Here’s the generated transcription closest to line number 1187:
X: 97541 T:The Victory M:4/4 K:Cmaj |: E G | c G E G F A d c | B d g f e c G E | F E D C B, D G, B, | C E G c B G F E | D E F G A c B c | d c B A G F E D | C E D F E G c e | (3 d e d c B c 2 :| |: B c | d G e G f G e G | d G e d c B A G | e c f d g e c A | B c d e d 2 B c | d G e G f G e G | d G e d c B A G | f e d c B d c A | (3 B A G (3 F E D C 2 :|
Whereas all the transcriptions we have seen so far resemble the training data we used to create the folkrnn v1 model, this one resembles the dataset we used to create the 2nd version — where we transposed and tokenized the transcriptions. Removing the spaces, rebeaming, and transposing to D produces this transcription:
This is different from The Victory in the training data. Again we see an AABB structure. There are cadences, but the one in the A part is unexpected because the part is by and large aimless. The B part is better, and is plausible. The two parts do not relate. I don’t want to spend time learning to play this.

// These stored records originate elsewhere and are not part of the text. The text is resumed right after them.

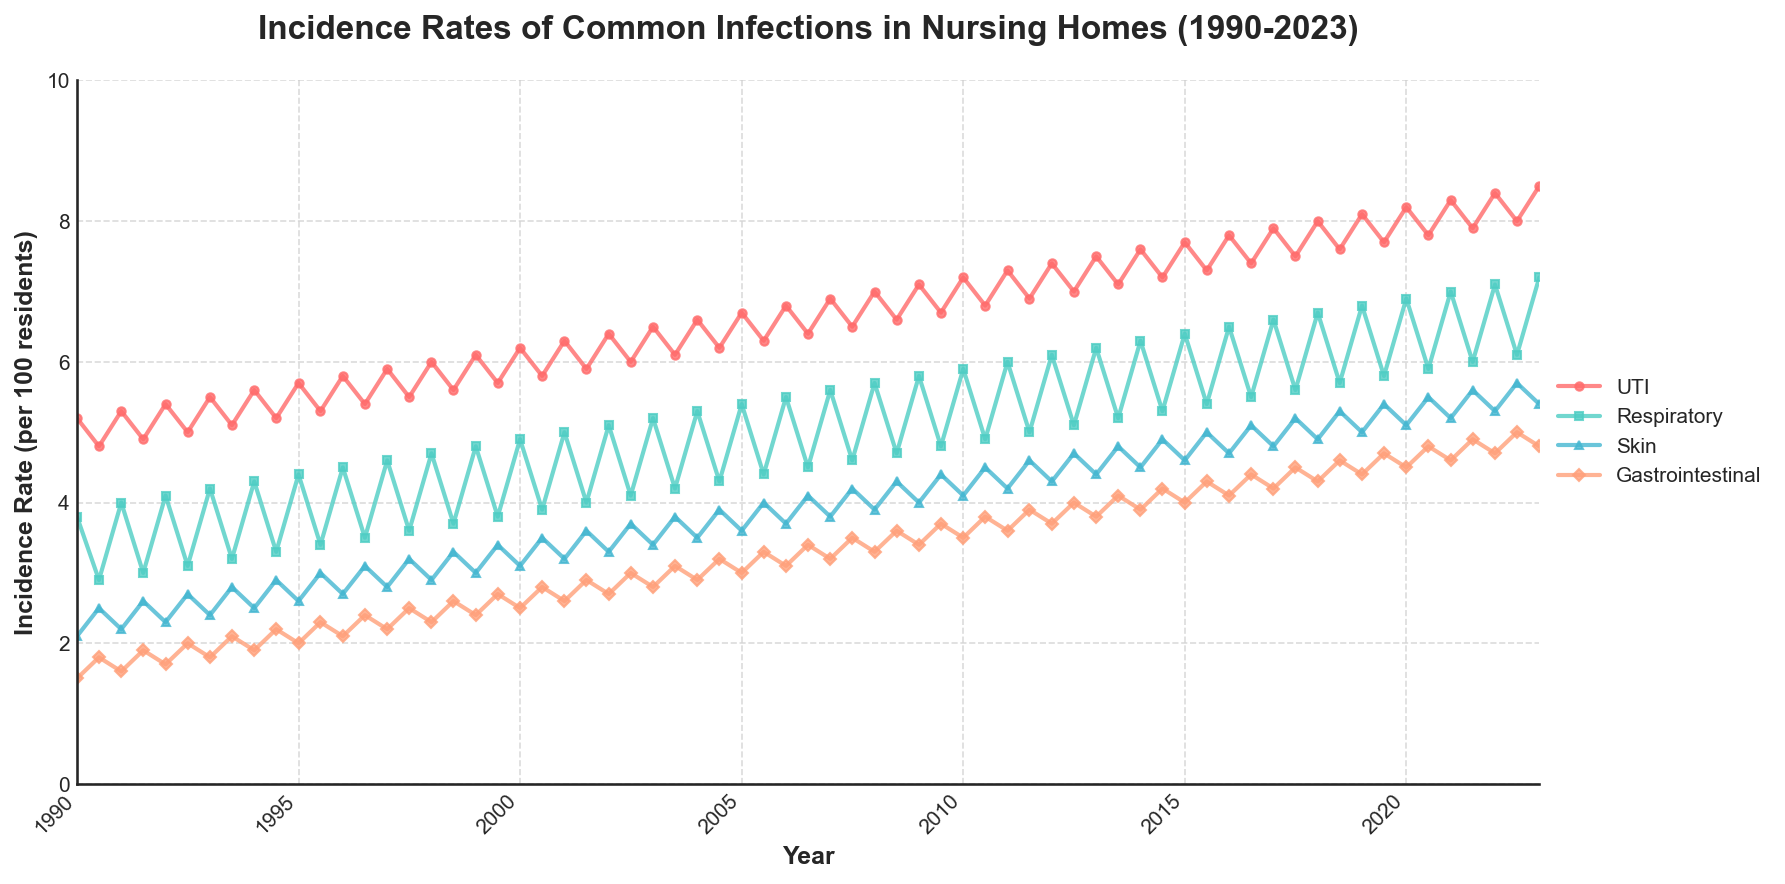How do the incidence rates of Respiratory infections compare between January 2000 and July 2000? In January 2000, the incidence rate for Respiratory infections is 4.9 per 100 residents. In July 2000, it is 3.9 per 100 residents. By comparing these values, we see that the rate in January is higher than in July by 1.0.
Answer: January is higher by 1.0 Which infection type shows the highest overall incidence rate in the given data? Looking at the chart, the UTI (Urinary Tract Infection) line consistently has the highest values throughout the period from 1990 to 2023 compared to Respiratory, Skin, and Gastrointestinal infections.
Answer: UTI In which year was the incidence rate of Skin infections the highest, and what was the value? The incidence rate of Skin infections peaks in January 2023 at a value of 5.4 per 100 residents. This can be observed by tracing the Skin infection line to its highest point on the chart and noting the corresponding year.
Answer: 2023, 5.4 What is the difference in the incidence rates of Gastrointestinal infections between January 1990 and January 2023? The incidence rate of Gastrointestinal infections was 1.5 per 100 residents in January 1990 and 4.8 per 100 residents in January 2023. Subtracting the former from the latter gives 4.8 - 1.5 = 3.3.
Answer: 3.3 Do any infection types show a clear seasonal pattern and if so, which months typically see higher rates? From the chart, every infection type shows a clear seasonal pattern with higher incidence rates in January compared to July. This pattern is consistent across all infection types.
Answer: January What trend can be observed in the incidence rate of UTI infections from 1990 to 2023? The incidence rate of UTI infections shows a steady increase from 5.2 per 100 residents in January 1990 to 8.5 per 100 residents in January 2023. This indicates a general upwards trend over time.
Answer: Steady increase Calculate the average incidence rate for Gastrointestinal infections over the entire period. To calculate the average, we sum up all values of Gastrointestinal infections from the data and divide by the number of values. The sum is 3.4 + 4.8 = 8.2 (1990), 3.7 + 3.4 +... = X, total months = 68, average rate = X / 68. This requires specific data calculation beyond visual interpretation.
Answer: Needs calculation Which infection type and year combination shows the largest decrease from January to July? Analyzing the chart, the largest decrease appears in Respiratory infections in the year 2001, where it drops from 5.0 in January to 4.0 in July, a decrease of 1.0.
Answer: Respiratory, 2001 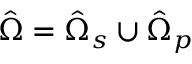<formula> <loc_0><loc_0><loc_500><loc_500>\hat { \Omega } = \hat { \Omega } _ { s } \cup \hat { \Omega } _ { p }</formula> 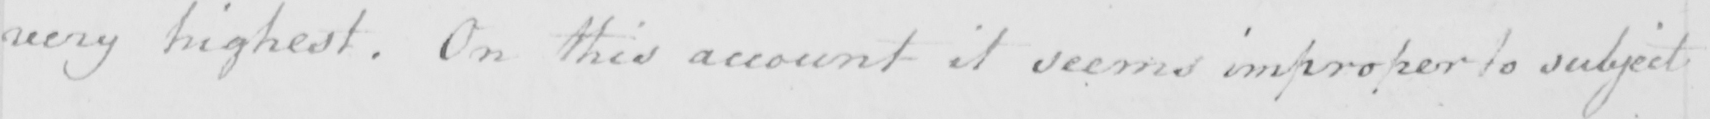What does this handwritten line say? very highest . On this account it seems improper to subject 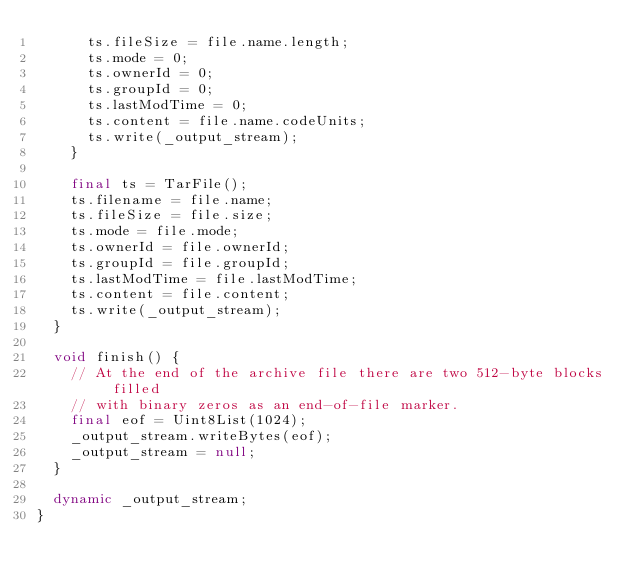<code> <loc_0><loc_0><loc_500><loc_500><_Dart_>      ts.fileSize = file.name.length;
      ts.mode = 0;
      ts.ownerId = 0;
      ts.groupId = 0;
      ts.lastModTime = 0;
      ts.content = file.name.codeUnits;
      ts.write(_output_stream);
    }

    final ts = TarFile();
    ts.filename = file.name;
    ts.fileSize = file.size;
    ts.mode = file.mode;
    ts.ownerId = file.ownerId;
    ts.groupId = file.groupId;
    ts.lastModTime = file.lastModTime;
    ts.content = file.content;
    ts.write(_output_stream);
  }

  void finish() {
    // At the end of the archive file there are two 512-byte blocks filled
    // with binary zeros as an end-of-file marker.
    final eof = Uint8List(1024);
    _output_stream.writeBytes(eof);
    _output_stream = null;
  }

  dynamic _output_stream;
}
</code> 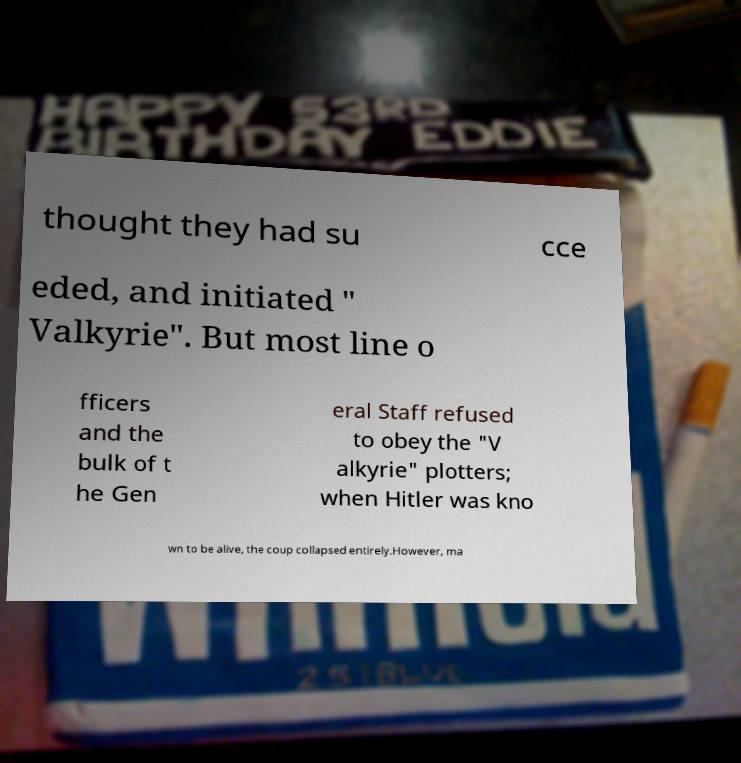Can you accurately transcribe the text from the provided image for me? thought they had su cce eded, and initiated " Valkyrie". But most line o fficers and the bulk of t he Gen eral Staff refused to obey the "V alkyrie" plotters; when Hitler was kno wn to be alive, the coup collapsed entirely.However, ma 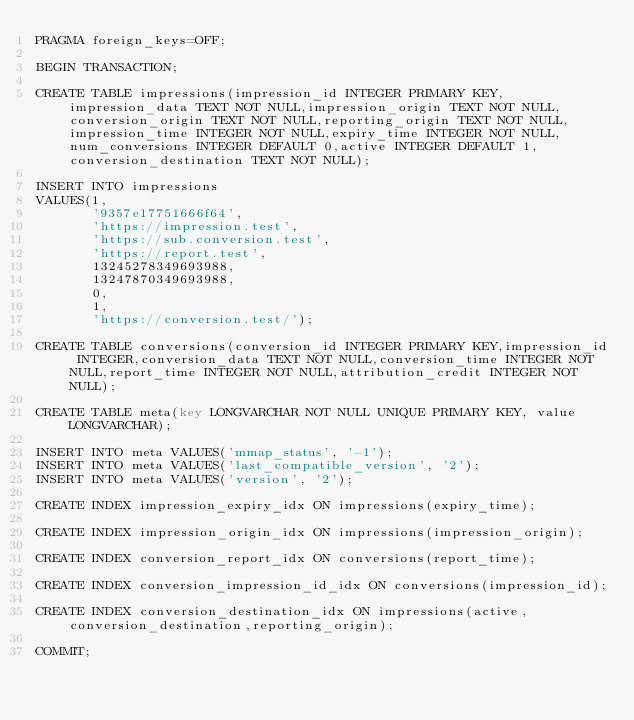<code> <loc_0><loc_0><loc_500><loc_500><_SQL_>PRAGMA foreign_keys=OFF;

BEGIN TRANSACTION;

CREATE TABLE impressions(impression_id INTEGER PRIMARY KEY,impression_data TEXT NOT NULL,impression_origin TEXT NOT NULL,conversion_origin TEXT NOT NULL,reporting_origin TEXT NOT NULL,impression_time INTEGER NOT NULL,expiry_time INTEGER NOT NULL,num_conversions INTEGER DEFAULT 0,active INTEGER DEFAULT 1,conversion_destination TEXT NOT NULL);

INSERT INTO impressions
VALUES(1,
       '9357e17751666f64',
       'https://impression.test',
       'https://sub.conversion.test',
       'https://report.test',
       13245278349693988,
       13247870349693988,
       0,
       1,
       'https://conversion.test/');

CREATE TABLE conversions(conversion_id INTEGER PRIMARY KEY,impression_id INTEGER,conversion_data TEXT NOT NULL,conversion_time INTEGER NOT NULL,report_time INTEGER NOT NULL,attribution_credit INTEGER NOT NULL);

CREATE TABLE meta(key LONGVARCHAR NOT NULL UNIQUE PRIMARY KEY, value LONGVARCHAR);

INSERT INTO meta VALUES('mmap_status', '-1');
INSERT INTO meta VALUES('last_compatible_version', '2');
INSERT INTO meta VALUES('version', '2');

CREATE INDEX impression_expiry_idx ON impressions(expiry_time);

CREATE INDEX impression_origin_idx ON impressions(impression_origin);

CREATE INDEX conversion_report_idx ON conversions(report_time);

CREATE INDEX conversion_impression_id_idx ON conversions(impression_id);

CREATE INDEX conversion_destination_idx ON impressions(active,conversion_destination,reporting_origin);

COMMIT;
</code>

Finally, here’s the transcription at line 7929:
This one is a total failure (and again the model has plagiarized the name). The counting is wrong in all bars except one. The melody doesn’t make a lick of sense.
So of the five transcriptions above, two are plausible. The polka is actually pretty good! All titles by GPT-2 are plagiarized, but I haven’t found much plagiarism in the tunes themselves.
In a future post I will select five transcriptions at random created by folk-rnn (v2) and perform the same kind of analysis. Will the quality of the transcriptions be as good as these ones created by GPT-2? What is gained by increasing the number of model parameters from millions to hundreds of millions, and using a model pretrained on written English text?